● **Problem to solve**: All lines holding the string "SHELL" should be copied from the data below.
———
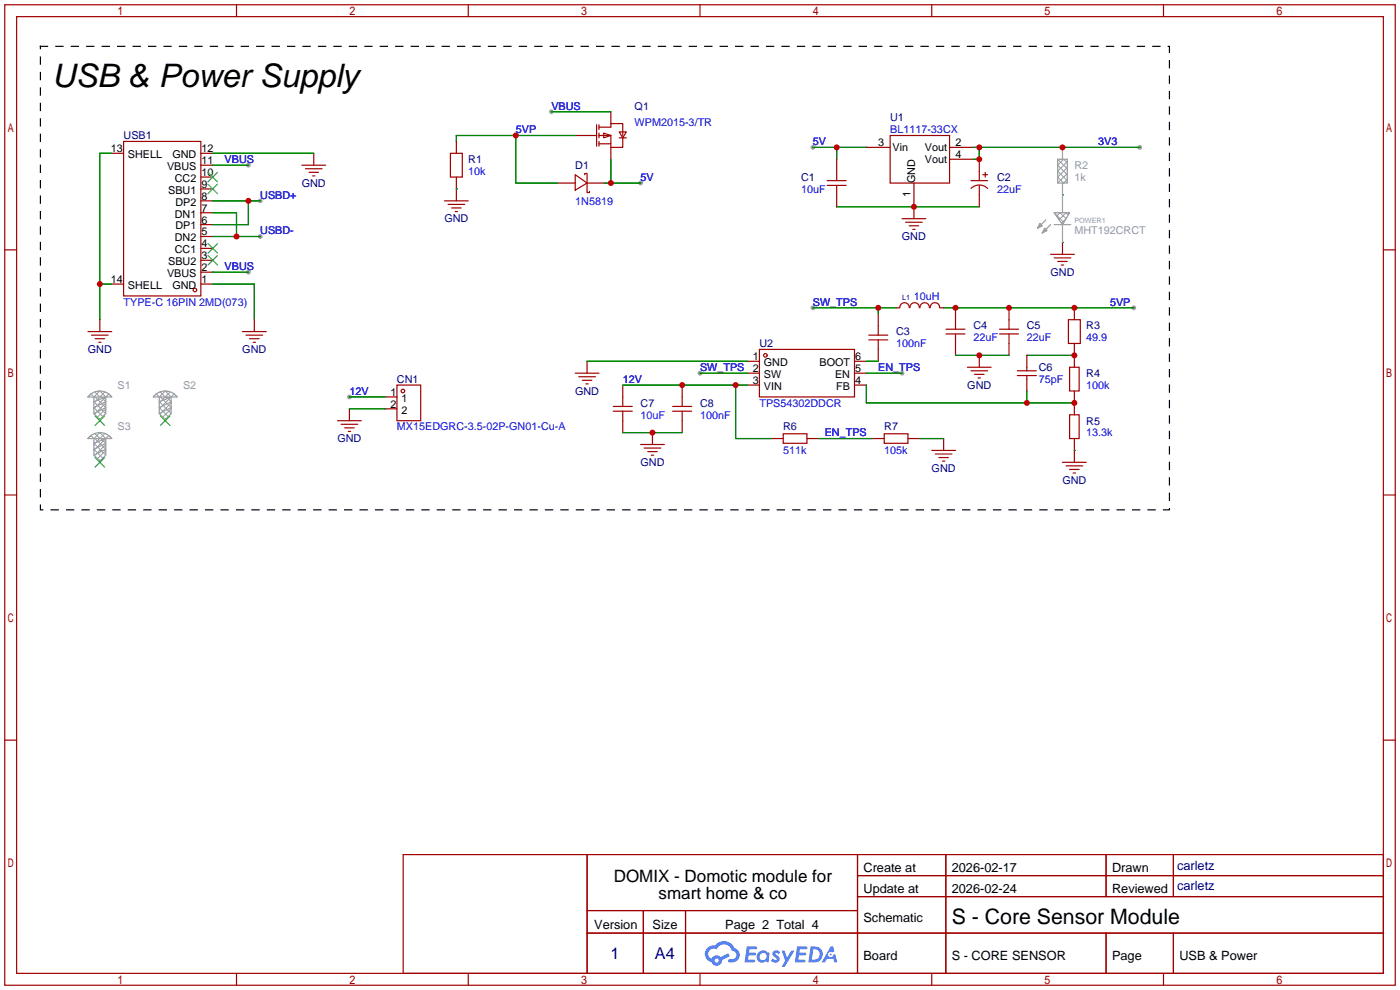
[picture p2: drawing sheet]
<svg xmlns="http://www.w3.org/2000/svg" width="299mm" height="212mm" viewBox="0 0 299 212" stroke-linecap="round" stroke-linejoin="round" font-family="sans-serif">
<defs><g id="words">
<text font-size="6.9" x="11.2" y="18.7">USB &amp; Power Supply</text>
<text font-size="4.5" x="203.4" y="197.5">S - Core Sensor Module</text>
<g font-size="3.6">
<text x="131.2" y="188.5">DOMIX - Domotic module for</text>
<text x="140.8" y="192.2">smart home &amp; co</text>
</g>
<g font-size="3.5" fill="#000080">
<text x="130.5" y="204.9">1</text>
<text x="140" y="204.9">A4</text>
</g>
<g font-size="2.7" fill="#000080">
<text x="251.6" y="185.9">carletz</text>
<text x="251.6" y="190.2">carletz</text>
</g>
<g font-size="2.7">
<text x="184.5" y="186.3">Create at</text>
<text x="184.5" y="190.8">Update at</text>
<text x="203.4" y="186.3">2026-02-17</text>
<text x="203.4" y="190.8">2026-02-24</text>
<text x="237.7" y="186.3">Drawn</text>
<text x="237.7" y="190.8">Reviewed</text>
<text x="184.5" y="197">Schematic</text>
<text x="127" y="198.5">Version</text>
<text x="139.5" y="198.5">Size</text>
<text x="155" y="198.5">Page 2 Total 4</text>
<text x="184.5" y="205.2">Board</text>
<text x="203.4" y="205.2">S - CORE SENSOR</text>
<text x="237.7" y="205.2">Page</text>
<text x="252.1" y="205.2">USB &amp; Power</text>
</g>
<g font-size="2.3" fill="#00f">
<text x="117.9" y="23.4">VBUS</text>
<text x="110.2" y="28.5">5VP</text>
<text x="135.6" y="27">WPM2015-3/TR</text>
<text x="190.2" y="28.5">BL1117-33CX</text>
<text x="48" y="34.8">VBUS</text>
<text x="173.7" y="31">5V</text>
<text x="234.7" y="31">3V3</text>
<text x="100.1" y="37.4">10k</text>
<text x="136.9" y="38.7">5V</text>
<text x="171.2" y="41.2">10uF</text>
<text x="213.1" y="41.2">22uF</text>
<text x="55.6" y="42.5">USBD+</text>
<text x="122.9" y="43.7">1N5819</text>
<text x="55.6" y="50.1">USBD-</text>
<text x="48" y="57.7">VBUS</text>
<text x="26.4" y="65.3">TYPE-C 16PIN 2MD(073)</text>
<text x="173.7" y="65.3">SW_TPS</text>
<text x="195.3" y="64.1">10uH</text>
<text x="237.2" y="65.3">5VP</text>
<text x="191.5" y="74.2">100nF</text>
<text x="208" y="72.9">22uF</text>
<text x="219.5" y="72.9">22uF</text>
<text x="232.2" y="72.9">49.9</text>
<text x="133.1" y="81.8">12V</text>
<text x="149.6" y="79.3">SW_TPS</text>
<text x="187.7" y="79.3">EN_TPS</text>
<text x="222" y="81.8">75pF</text>
<text x="232.2" y="83.1">100k</text>
<text x="74.7" y="84.4">12V</text>
<text x="136.9" y="89.5">10uF</text>
<text x="149.6" y="89.5">100nF</text>
<text x="162.3" y="86.9">TPS54302DDCR</text>
<text x="84.8" y="92">MX15EDGRC-3.5-02P-GN01-Cu-A</text>
<text x="176.3" y="93.3">EN_TPS</text>
<text x="232.2" y="93.3">13.3k</text>
<text x="167.4" y="97.1">511k</text>
<text x="189" y="97.1">105k</text>
</g>
<g font-size="2.3" fill="#000080">
<text x="135.6" y="23.4">Q1</text>
<text x="26.4" y="29.8">USB1</text>
<text x="190.2" y="26">U1</text>
<text x="100.1" y="34.8">R1</text>
<text x="64.5" y="39.9">GND</text>
<text x="122.9" y="36.1">D1</text>
<text x="171.2" y="38.7">C1</text>
<text x="213.1" y="38.7">C2</text>
<text x="95" y="47.5">GND</text>
<text x="192.8" y="51.4">GND</text>
<text x="224.5" y="59">GND</text>
<text x="191.5" y="71.7">C3</text>
<text x="208" y="70.4">C4</text>
<text x="219.5" y="70.4">C5</text>
<text x="232.2" y="70.4">R3</text>
<text x="18.8" y="75.5">GND</text>
<text x="51.8" y="75.5">GND</text>
<text x="162.3" y="74.2">U2</text>
<text x="84.8" y="81.8">CN1</text>
<text x="206.7" y="83.1">GND</text>
<text x="222" y="79.3">C6</text>
<text x="232.2" y="80.6">R4</text>
<text x="122.9" y="84.4">GND</text>
<text x="136.9" y="86.9">C7</text>
<text x="149.6" y="86.9">C8</text>
<text x="72.1" y="94.5">GND</text>
<text x="167.4" y="92">R6</text>
<text x="189" y="92">R7</text>
<text x="232.2" y="90.7">R5</text>
<text x="136.9" y="99.6">GND</text>
<text x="199.1" y="100.9">GND</text>
<text x="227.1" y="103.4">GND</text>
</g>
<g font-size="2.3">
<text x="23.7" y="32.5">13</text>
<text x="27.4" y="33.8">SHELL</text>
<text x="36.9" y="33.8">GND</text>
<text x="43.1" y="35.1">11</text>
<text x="43.1" y="32.5">12</text>
<text x="187.7" y="31.3">3</text>
<text x="190.8" y="32.3">Vin</text>
<text x="197.7" y="32.3">Vout</text>
<text x="197.7" y="34.8">Vout</text>
<text x="204.2" y="31.3">2</text>
<text x="204.2" y="33.8">4</text>
<text x="35.7" y="36.3">VBUS</text>
<text x="36" y="41.4">SBU1</text>
<text x="37.4" y="38.9">CC2</text>
<text x="43.1" y="40.2">9</text>
<text x="43.1" y="37.6">10</text>
<text x="195.6" y="39.1" transform="rotate(-90 195.6 39.1)">GND</text>
<text x="37.4" y="46.5">DN1</text>
<text x="37.5" y="44">DP2</text>
<text x="43.1" y="47.8">6</text>
<text x="43.1" y="45.2">7</text>
<text x="43.1" y="42.7">8</text>
<text x="194.6" y="42.2" transform="rotate(-90 194.6 42.2)">1</text>
<text x="37.4" y="51.6">DN2</text>
<text x="37.5" y="49">DP1</text>
<text x="43.1" y="52.9">4</text>
<text x="43.1" y="50.3">5</text>
<text x="35.7" y="59.2">VBUS</text>
<text x="36" y="56.7">SBU2</text>
<text x="37.4" y="54.1">CC1</text>
<text x="43.1" y="57.9">2</text>
<text x="43.1" y="55.4">3</text>
<text x="23.7" y="60.5">14</text>
<text x="27.4" y="61.7">SHELL</text>
<text x="36.9" y="61.7">GND</text>
<text x="43.1" y="60.5">1</text>
<text x="160.9" y="77">1</text>
<text x="182.8" y="77">6</text>
<text x="160.9" y="79.5">2</text>
<text x="160.9" y="82.1">3</text>
<text x="163.2" y="78.3">GND</text>
<text x="163.2" y="80.8">SW</text>
<text x="163.2" y="83.3">VIN</text>
<text x="175.1" y="78.3">BOOT</text>
<text x="178.5" y="80.8">EN</text>
<text x="178.7" y="83.3">FB</text>
<text x="182.8" y="82.1">4</text>
<text x="182.8" y="79.5">5</text>
<text x="83.4" y="84.6">1</text>
<text x="83.4" y="87.1">2</text>
<text x="85.8" y="85.9">1</text>
<text x="85.8" y="88.4">2</text>
</g>
<g font-size="2.3" fill="#999">
<text x="229.6" y="36.1">R2</text>
<text x="229.6" y="38.7">1k</text>
<text x="229.6" y="50.1">MHT192CRCT</text>
<text x="25.1" y="83.1">S1</text>
<text x="39.1" y="83.1">S2</text>
<text x="25.1" y="92">S3</text>
</g>
<text font-size="1.6" fill="#999" x="229.6" y="47.7">POWER1</text>
<text font-size="1.6" fill="#000080" x="192.8" y="64.2">L1</text>
</g></defs>
<g fill="#999">
<circle cx="173.7" cy="31.5" r=".51"/>
<circle cx="243.6" cy="31.5" r=".51"/>
<circle cx="53.1" cy="35.3" r=".51"/>
<circle cx="53.1" cy="58.2" r=".51"/>
<circle cx="55.6" cy="42.9" r=".51"/>
<circle cx="55.6" cy="50.5" r=".51"/>
<circle cx="136.9" cy="39.1" r=".51"/>
<circle cx="117.9" cy="23.9" r=".51"/>
<circle cx="192.8" cy="79.8" r=".51"/>
<circle cx="173.7" cy="65.8" r=".51"/>
<circle cx="149.6" cy="79.8" r=".51"/>
<circle cx="242.3" cy="65.8" r=".51"/>
<circle cx="74.7" cy="84.8" r=".51"/>
</g>
<g fill="none" stroke="#a10000" stroke-width=".25">
<path d="M1 1h297.2v209.6h-297.2zM3.6 3.6h292.1v204.4h-292.1zM50.5 1v2.6M100.1 1v2.6M149.6 1v2.6M199.1 1v2.6M248.7 1v2.6M1 53.4h2.6M295.7 53.4h2.5M1 105.8h2.6M295.7 105.8h2.5M1 158.2h2.6"/>
<path d="M295.7 158.2h2.5M50.5 208v2.6M100.1 208v2.6M149.6 208v2.6M199.1 208v2.6M248.7 208v2.6"/>
</g>
<g fill="#5487ff">
<path d="M165.3 203.3a.99 .99 0 0 1 1.4 .2l-.3 .5a.39 .39 0 0 0-.3-.3 .39 .39 0 0 0-.4 .1l.1 .1a1.02 1.02 0 0 1 .6 1.6 1.17 1.17 0 0 1-1.7-.2l.4-.5 .6 .4 .3-.1v-.3a1.01 1.01 0 0 1-.7-1.5z"/>
<path d="M167.1 203.2h.6l.5 1.5 .9-1.5h.7l-2.1 3.4h-.7l.8-1.3z"/>
<path d="M159.6 202.3h1.9l.3 .1-.1 .4-1.5 .1-.1 .7h1.2l.3 .3-.3 .3h-1.3l-.1 .9h1.4l.1 .3-.1 .2-2.2 .1z"/>
<path d="M170.4 202.3h1.9l.2 .1-.1 .4-1.5 .1-.1 .7h1.3l.3 .3-.4 .3h-1.2l-.2 .9h1.4l.2 .3-.2 .2-2.1 .1z"/>
<path d="M177.5 202.3h.6l.2 1-.5 .3a.57 .57 0 0 0-.8 .2 .57 .57 0 0 0 .4 .8 .57 .57 0 0 0 .7-.5l.4-.2 .5 1.8h-.7l-.2-.7h-1.4l-.4 .7h-.7z"/>
<path d="M173.2 202.3l-.4 3.4h1.1a1.73 1.73 0 0 0 1.9-1.7 1.73 1.73 0 0 0-2-1.7zM173.8 202.9a1.14 1.14 0 0 1 1.4 1.1 1.14 1.14 0 0 1-1.5 1.1h-.2z"/>
<path d="M162 203.6a1.26 1.26 0 0 0 0 1.8 1.26 1.26 0 0 0 1.7 .1l.5 .2 .3-1.9-.1-.2h-.4a1.21 1.21 0 0 0-2 0zM162.6 203.9a.76 .76 0 0 1 1 0 .76 .76 0 0 1 .1 1.1 .76 .76 0 0 1-1 .1l-.4-.6z"/>
<path d="M151.2 202.6a1.81 1.81 0 0 0 .9 3 1.18 1.18 0 0 0 1.3 .8 1.18 1.18 0 0 0 .9-1.2l1.7-.9-.4-.6-1.5 .8a1.2 1.2 0 0 0-2 .4 1.14 1.14 0 0 1-.6-1.6 1.14 1.14 0 0 1 1.7-.4 1.73 1.73 0 0 1 1.7-1.1 1.73 1.73 0 0 1 1.6 1.4 .94 .94 0 0 1 .8 1.2 .94 .94 0 0 1-1.3 .6 .36 .36 0 0 0-.4 .3 .36 .36 0 0 0 .3 .4 1.63 1.63 0 0 0 2.1-1 1.63 1.63 0 0 0-1-2.1 2.43 2.43 0 0 0-4.2-.5l-1 .1zM152.7 205.3a.45 .45 0 0 1 .9 0 .45 .45 0 0 1-.9 0z"/>
<circle cx="177.5" cy="204" r=".22"/>
</g>
<g fill="none" stroke="#a10000" stroke-width=".25">
<path d="M23.9 32.8h2.5M26.4 30.2h16.5v33h-16.5zM42.9 37.8h2.6M42.9 35.3h2.6M42.9 32.8h2.6M64.5 35.3h5.1M65.3 36.1h3.5M66 36.8h2.1M66.8 37.6h.5M67.1 32.8v2.5M96.3 32.8h2.5v5h-2.5zM97.5 30.2v2.6"/>
<path d="M97.5 37.8v5.1M119.1 39.1h3.8M122.9 37.3l2.6 1.8-2.6 1.5zM122.9 29h4.6M125 37.3v-.2h.5v4h.5v-.2M125.5 39.1h3.8M127.5 26.7v4.5M128 27.2h2.6v-.8h2.5v2.6M128 29h2.6v2.5M128 30.7h2.6M128 26.7v1M128 28.4v1.1"/>
<path d="M128 30.2v1M129 28.4l1.6 .6-1.6 .5zM130.6 23.9v2.5M130.6 31.5v2.5M132.3 28.2h1.6l-.8 1.3zM132.3 29.5h1.6M133.1 29.5v2h-2.5M176.8 39.6h4M176.8 38.6h4M178.8 34v4.6M178.8 39.6v4.6M185.2 31.5h5"/>
<path d="M190.2 29h12.7v10.1h-12.7zM195.3 39.1v7.6M202.9 31.5h5.1M202.9 34h5.1M207.5 38.6h3.6M209.3 34v4.6M209.3 39.6v4.6M210.1 37.3h1M210.6 36.8v1M42.9 58.2h2.6M42.9 55.6h2.6M42.9 53.1h2.6"/>
<path d="M42.9 50.5h2.6M42.9 48h2.6M42.9 45.5h2.6M42.9 42.9h2.6M42.9 40.4h2.6M95 42.9h5.1M95.8 43.7h3.5M96.5 44.4h2.1M97.3 45.2h.5M192.8 46.7h5.1M193.5 47.5h3.6M194.3 48.3h2"/>
<path d="M195.1 49h.5M207.5 40.2a2.54 2.54 0 0 1 3.6 .1M224.5 54.4h5.1M225.3 55.1h3.6M226.1 55.9h2M226.8 56.6h.5M227.1 51.8v2.6M18.8 70.9h5.1M19.6 71.6h3.5M20.3 72.4h2.1M21.1 73.2h.5M21.3 68.3v2.6"/>
<path d="M23.9 60.7h2.5M42.9 60.7h2.6M51.8 70.9h5.1M52.6 71.6h3.5M53.3 72.4h2.1M54.1 73.2h.5M54.4 68.3v2.6M122.9 79.8h5.1M125.5 77.2v2.6M159.8 77.2h2.5M159.8 79.8h2.5M162.3 74.7h20.3v10.1h-20.3z"/>
<path d="M182.6 77.2h2.6M182.6 79.8h2.6M185.7 71.6h4M185.7 72.6h4M187.7 67.1v4.5M187.7 72.6v4.6M194.3 65.8a1.01 1.01 0 0 0-1-1.1 1.01 1.01 0 0 0-1 1.1h-.8M194.5 65.8a1.01 1.01 0 0 1 1-1.1 1.01 1.01 0 0 1 1 1.1M196.6 65.8a1.01 1.01 0 0 1 1-1.1 1.01 1.01 0 0 1 1 1.1M198.8 65.8a1.01 1.01 0 0 1 1-1.1 1.01 1.01 0 0 1 1 1.1M200.9 65.8h.8M202.2 71.4h4"/>
<path d="M202.2 70.4h4M204.2 65.8v4.6M204.2 71.4v4.5M206.8 78.5h5M207.5 79.2h3.6M209.3 75.9v2.6M213.6 71.4h4.1M213.6 70.4h4.1M215.6 65.8v4.6M215.6 71.4v4.5M217.4 79.2h4.1M219.5 75.9v3.3"/>
<path d="M228.3 68.3h2.6v5.1h-2.6zM228.6 78.5h2v5.1h-2zM229.6 65.8v2.5M229.6 73.4v5.1M72.1 89.9h5.1M72.9 90.7h3.6M73.7 91.4h2M74.4 92.2h.5M74.7 87.4v2.5M82.3 84.8h2.5M82.3 87.4h2.5M84.8 82.3h5.1v7.6h-5.1z"/>
<path d="M123.7 80.5h3.6M124.5 81.3h2M125.2 82h.5M131.1 87.9h4M131.1 86.9h4M133.1 82.3v4.6M133.1 87.9v4.6M136.9 95h5.1M137.7 95.8h3.5M138.4 96.5h2.1M139.2 97.3h.5M139.4 92.5v2.5"/>
<path d="M143.8 87.9h4M143.8 86.9h4M145.8 82.3v4.6M145.8 87.9v4.6M159.8 82.3h2.5M164.8 93.7h2.6M167.4 92.7h5.1v2h-5.1zM172.5 93.7h2.5M182.6 82.3h2.6M186.4 93.7h2.6M189 92.7h5.1v2h-5.1zM194.1 93.7h2.5"/>
<path d="M199.1 96.3h5.1M199.9 97h3.6M200.7 97.8h2M201.4 98.6h.5M201.7 93.7v2.6M208.3 80h2M209 80.8h.5M217.4 80.3h4.1M219.5 80.3v3.3M227.1 98.8h5.1M227.8 99.6h3.6M228.6 88.6h2v5.1h-2z"/>
<path d="M229.6 83.6v5M229.6 93.7v5.1M228.6 100.3h2M229.4 101.1h.5M86.2 182.6h209.5v25.4h-209.5zM125.5 182.6v25.4M125.5 194.6h57.8M125.5 199.4h170.2M137.5 194.6v13.4M146.5 194.6v13.4M183.3 182.6v25.4M183.3 187.1h112.4"/>
<path d="M183.3 191.6h112.4M202.1 182.6v25.4M236.4 182.6v9M236.4 199.4v8.6M250.8 182.6v9M250.8 199.4v8.6"/>
<circle cx="41.7" cy="62" r=".38"/>
<circle cx="163.6" cy="75.9" r=".38"/>
<circle cx="86.1" cy="83.6" r=".38"/>
</g>
<g fill="none" stroke="#3c3" stroke-width=".25">
<path d="M44.4 39.4l2.1 2M44.4 36.8l2.1 2.1M46.5 39.4l-2.1 2M46.5 36.8l-2.1 2.1M44.4 54.6l2.1 2M44.4 52.1l2.1 2M46.5 54.6l-2.1 2M46.5 52.1l-2.1 2M20.3 88.9l2.1 2M20.3 97.8l2.1 2M22.4 88.9l-2.1 2M22.4 97.8l-2.1 2"/>
<path d="M34.3 88.9l2 2M36.3 88.9l-2 2"/>
</g>
<g fill="none" stroke="#008700" stroke-width=".25">
<path d="M23.9 32.8h-2.6v35.5M45.5 32.8h21.6M45.5 35.3h7.6M110.2 29v10.1h8.9M117.9 23.9h12.7M122.9 29h-25.4v1.2M129.3 39.1h7.6M130.6 34v5.1M173.7 31.5h11.5M178.8 31.5v2.5M208 31.5h35.6M209.3 31.5v2.5h-1.3"/>
<path d="M45.5 58.2h7.6M45.5 42.9h10.1M45.5 50.5h10.1M45.5 45.5h5v5M53.1 42.9v5.1h-7.6M97.5 40.4h.1M178.8 44.2h30.5M227.1 41.7h.1M227.1 51.8h.1M21.3 60.7h2.6M45.5 60.7h8.9v7.6M125.5 77.2h34.3"/>
<path d="M149.6 79.8h10.2M173.7 65.8h17.8M185.2 79.8h7.6M185.2 77.2h2.5M187.7 65.8v1.3M201.7 65.8h40.6M204.2 75.9h11.4M219.5 75.9h10.1M74.7 84.8h7.6M74.7 87.4h7.6M133.1 82.3h26.7M133.1 92.5h12.7"/>
<path d="M157.2 82.3v11.4h7.6M175 93.7h11.4M185.2 82.3v3.8h44.4M196.6 93.7h5.1M219.5 83.6v2.5M229.6 96.3h.1"/>
</g>
<path d="M8.6 9.9h241.3v99.1h-241.3z" fill="none" stroke="#000" stroke-width=".25" stroke-dasharray="1.5 1.8"/>
<g fill="none" stroke="#999" stroke-width=".25">
<path d="M226.1 34h2v5.1h-2zM227.1 31.5v2.5M227.1 39.1v6.4M222.2 47.8l.6 .5-1.1 .5zM223.3 48.8l.5 .5-1 .5zM223.5 47l-1.8 1.8M224.5 48l-1.7 1.8M225.3 45.5h3.3l-1.5 2.5zM225.3 48h3.6M227.1 48v3.8M19.2 84.4a3.2 3.2 0 0 1 4.7 .4h-5.1zM19.2 93.3a3.2 3.2 0 0 1 4.7 .4h-5.1z"/>
<path d="M20.1 84.8v3.6l1.2 1.3 1.3-1.3v-3.6l-2.5 1.1M20.1 93.7v3.6l1.2 1.3 1.3-1.3v-3.6l-2.5 1M21.3 89.4v.5M21.3 98.3v.5M22.6 85.9l-2.5 1.2M22.6 87.1l-2.5 1.3M22.6 94.7l-2.5 1.3M22.6 96l-2.5 1.3M33.2 84.4a3.2 3.2 0 0 1 4.6 .4h-5zM34 84.8v3.6l1.3 1.3 1.3-1.3v-3.6l-2.6 1.1M35.3 89.4v.5M36.6 85.9l-2.6 1.2"/>
<path d="M36.6 87.1l-2.6 1.3"/>
</g>
<g fill="none" stroke="#999" stroke-width=".21">
<path d="M226.1 34l2 2.1M228.1 34.8l-.8-.8-1.2 1.3 2 2M228.1 34.5l-2 2.1 2 2M228.1 35.8l-2 2 1.2 1.3 .8-.7M228.1 37.1l-2 2M222.2 47.9l.4 .4M222.6 48.1l-.4 .4M223.2 48.9l.4 .5M223.6 49.1l-.3 .4M225.3 45.5l2.1 2M225.8 46.2l.8-.7 1.2 1.2-.9 1M228.3 45.9l-.5-.4-1.5 1.5"/>
<path d="M18.8 84.8l.6-.6 .7 .6 1.2-1.2 1.3 1.2M18.8 93.7l.6-.6 .7 .6 1.2-1.2 1.3 1.2M20.1 87.1l1.9 1.9M20.1 85.9l2.5 2.5M20.1 96l1.9 1.9M20.1 94.7l2.5 2.6M20.3 83.8l1 1M20.3 92.6l1 1.1M20.3 84.8l2.3 2.3M20.3 93.7l2.3 2.3M21.6 84.8l1 1.1M21.6 93.7l1 1"/>
<path d="M22.4 83.8l-2.3 2.3M22.4 92.6l-2.3 2.4M22.6 86.1l-2.4 2.4M22.6 87.4l-1.8 1.8M22.6 95l-2.4 2.4M22.6 96.3l-1.8 1.7M23.9 84.8l-.7-.6-3.1 3.2M23.9 93.7l-.7-.6-3.1 3.2M32.8 84.8l.6-.6 .6 .6 1.3-1.2 1.3 1.2M34 87.1l1.9 1.9M34 85.9l2.6 2.5M34.2 83.8l1.1 1"/>
<path d="M34.3 84.8l2.3 2.3M35.6 84.8l1 1.1M36.4 83.8l-2.4 2.3M36.6 86.1l-2.4 2.4M36.6 87.4l-1.8 1.8M37.8 84.8l-.6-.6-3.2 3.2"/>
</g>
<g fill="#c00">
<circle cx="195.3" cy="44.2" r=".63"/>
<circle cx="178.8" cy="31.5" r=".63"/>
<circle cx="209.3" cy="31.5" r=".63"/>
<circle cx="209.3" cy="34" r=".63"/>
<circle cx="227.1" cy="31.5" r=".63"/>
<circle cx="21.3" cy="60.7" r=".63"/>
<circle cx="53.1" cy="42.9" r=".63"/>
<circle cx="50.5" cy="50.5" r=".63"/>
<circle cx="130.6" cy="39.1" r=".63"/>
<circle cx="110.2" cy="29" r=".63"/>
<circle cx="145.8" cy="82.3" r=".63"/>
<circle cx="157.2" cy="82.3" r=".63"/>
<circle cx="139.4" cy="92.5" r=".63"/>
<circle cx="187.7" cy="65.8" r=".63"/>
<circle cx="229.6" cy="75.9" r=".63"/>
<circle cx="219.5" cy="86.1" r=".63"/>
<circle cx="229.6" cy="86.1" r=".63"/>
<circle cx="209.3" cy="75.9" r=".63"/>
<circle cx="215.6" cy="65.8" r=".63"/>
<circle cx="229.6" cy="65.8" r=".63"/>
<circle cx="204.2" cy="65.8" r=".63"/>
</g>
<use href="#words"/>
</svg>
———
● **Task output**:
<text x="27.4" y="33.8">SHELL</text>
<text x="27.4" y="61.7">SHELL</text>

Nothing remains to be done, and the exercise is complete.